The authority had initially requested related data and explanations from suppliers and has now taken a further step by deciding to stage hearings for PPC and two other suppliers, followed by supplementary hearings involving a further four suppliers.

The three market operators, power grid operator IPTO, distribution network operator DEDDIE/HEDNO and RES market operator DAPEEP, will also be called upon by the authority to offer data on the overdue surcharge transfers by suppliers.

According to sources, RAE authorities are examining a variety of surcharges, including network transmission, distribution network and RES-supporting ETMEAR surcharges, up until October, 2020.

These surcharges, included in electricity bills and paid by consumers as part of their electricity bills, must then be handed over by suppliers to respective operators within a specific time period.

Conditions have recently deteriorated for electricity suppliers, primarily as a result of considerably higher wholesale costs since November’s launch of the target model’s new markets.

Electricity suppliers contend that amounts owed to them by the operators outweigh their unpaid surcharges and, as a result, want accounts offset. RAE has rejected this request.

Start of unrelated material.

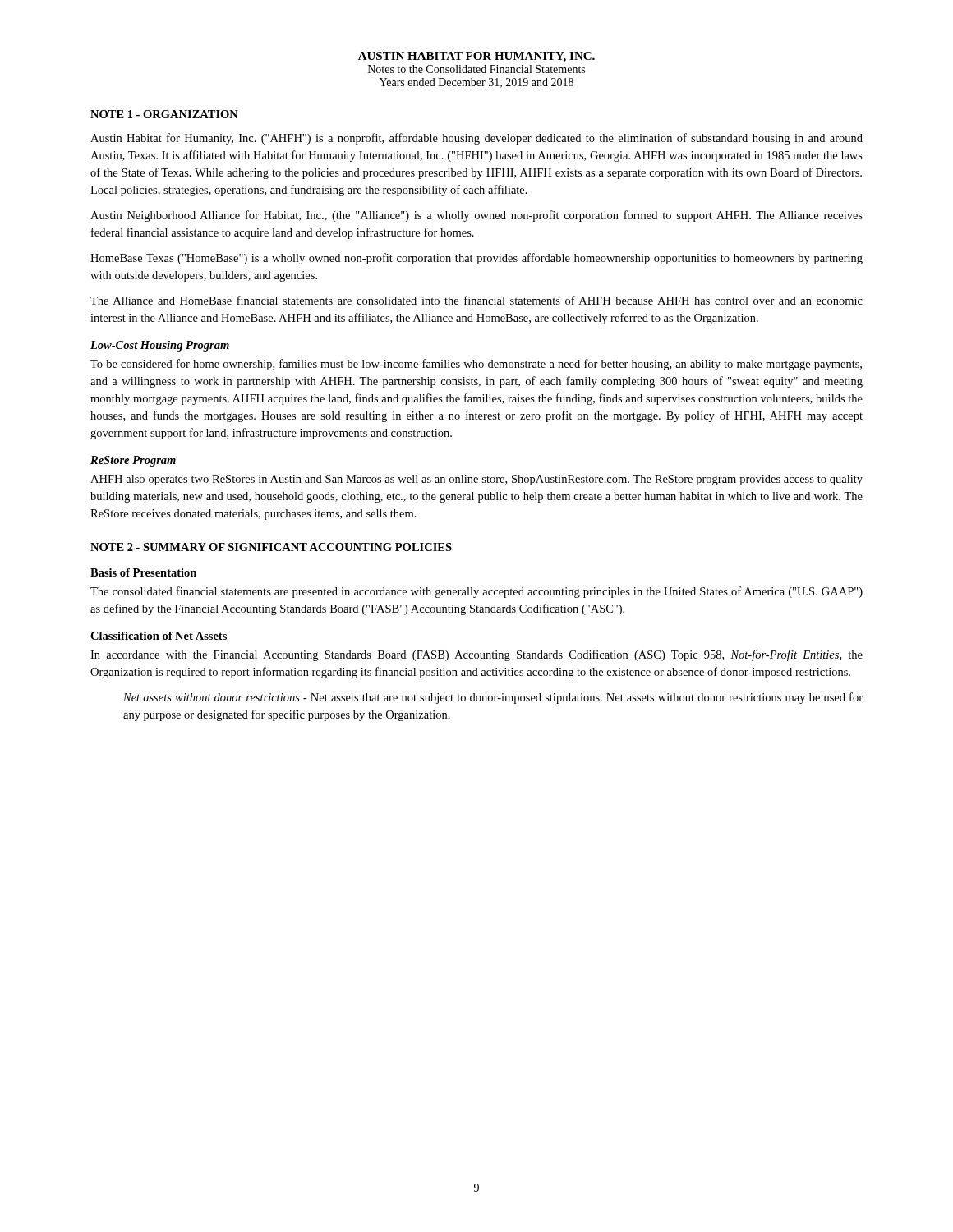
Task: Select the text block that says "Net assets without donor restrictions - Net"
Action: tap(493, 706)

RES operator upgrading systems to curb bureaucracy for investors

DAPEEP, the RES market operator, is introducing a series of operating upgrades with the aim of limiting bureaucratic obstacles and subsequent delays faced by renewable energy producers.

Forthcoming upgrades include automatic tax updates, certifying no pending tax payments, for parties interested in developing RES projects.

The operator, as of January 1, has already introduced an online signing procedure for RES contracts and their deliveries.

As a result, the time needed by the operator to sign new RES contracts through the digitized procedure has been slashed to a maximum of five days from an average time of 79 days recorded in September last year, when the operator’s current administration took over at DAPEEP.

In addition, a personalized profile system offering investors updates on their monthly RES production figures will soon be made available by the operator.

The operating upgrades were recently presented by DAPEEP’s chief executive Yiannis Giarentis during an online conference staged by POSPIEF, the Pan-Hellenic Federation of Photovoltaic Producer Societies.

PPC debt to end year at €600m, down from €900m last year

Power utility PPC’s debt owed to energy market operators as well as project contractors has continued to fall, quelling fears of a debt-reduction slowdown during the country’s second lockdown.

The power utility’s total debt figure is projected to end the year at approximately 600 million euros, down from 900 million euros in July, 2019, a 35 percent drop in a year and a half, according to sources.

The company’s debt reduction is declining at an average rate of 18 million euros per month, driven by an improved collection record for unpaid receivables and better operating profit figures.

PPC’s payments to RES market operator DAPEEP, power grid operator IPTO and distribution network operator DEDDIE have all improved for a complete turnaround compared to a year earlier.

The power utility’s outlay for liquid fuels, natural gas, solid fuels, CO2 emission rights and electricity purchases, down by 678.1 million euros during this year’s nine-month period compared to the equivalent period a year earlier, has been a favorable factor in PPC’s improved results and debt-reduction effort.

PPC aims to further reduce its total debt to a level of between 250 and 300 million euros by the end of 2021.